Chronic inflammation, closely associated with frailty and age-related diseases, is a hallmark of aging. Mayo Clinic researchers have discovered that inhibiting key enzyme pathways reduces inflammation in human cells in culture dishes and decreases inflammation and frailty in aged mice. The results appear today in Proceedings of the National Academy of Sciences of the United States of America. While further studies are needed, researchers are hopeful that these findings will be a step toward treatments for frailty and other age-related chronic conditions.

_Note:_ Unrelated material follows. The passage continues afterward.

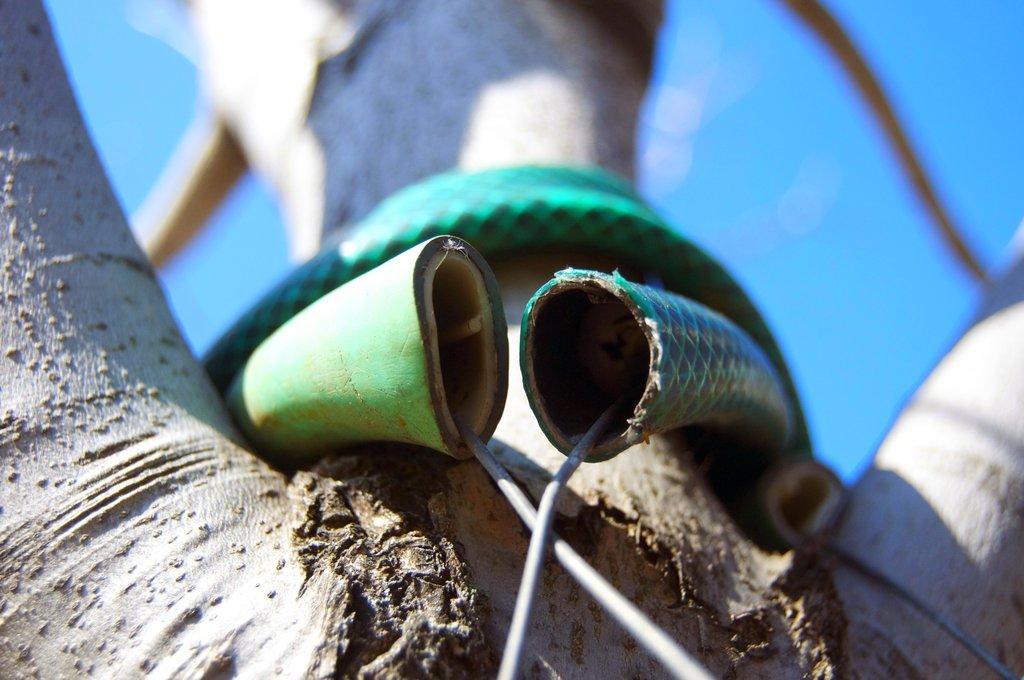Can you describe this image briefly? In this image there is one tree and to that tree there is one pipe and some wires are there in that pipe, in the background there is sky.

In the study, researchers found that Janus kinase (JAK) inhibitors, drugs that work to block activity of JAK enzymes, decreased the factors released by human senescent cells in culture dishes. Senescent cells are cells that contribute to frailty and diseases associated with aging. Also, these same JAK inhibitors reduced inflammatory mediators in mice. Researchers examined aged mice, equivalent to 90-year-old people, before and after JAK inhibitors. Over the course of two months, the researchers found substantial improvement in the physical function of the aged mice, including grip strength, endurance and physical activity.
"One of the things we want to do is find some kind of treatment for this other than prescribing better wheelchairs or walkers, or other kinds of things that we are stuck with now that are Band-Aid solutions," says James Kirkland, M.D., Ph.D., director of the Mayo Clinic Robert and Arlene Kogod Center on Aging and senior author of the study. A clinical geriatrician, Dr. Kirkland says he sees frailty in many of his elderly patients and that it's often associated with poor outcomes and functional disability.
"Our goal is not necessarily to increase life span, and certainly not life span at all costs. Our goal is to enhance health span—the period during life when people are independent," explains Dr. Kirkland. "This drug approach and others we are developing look like they might hold some promise in reaching that goal."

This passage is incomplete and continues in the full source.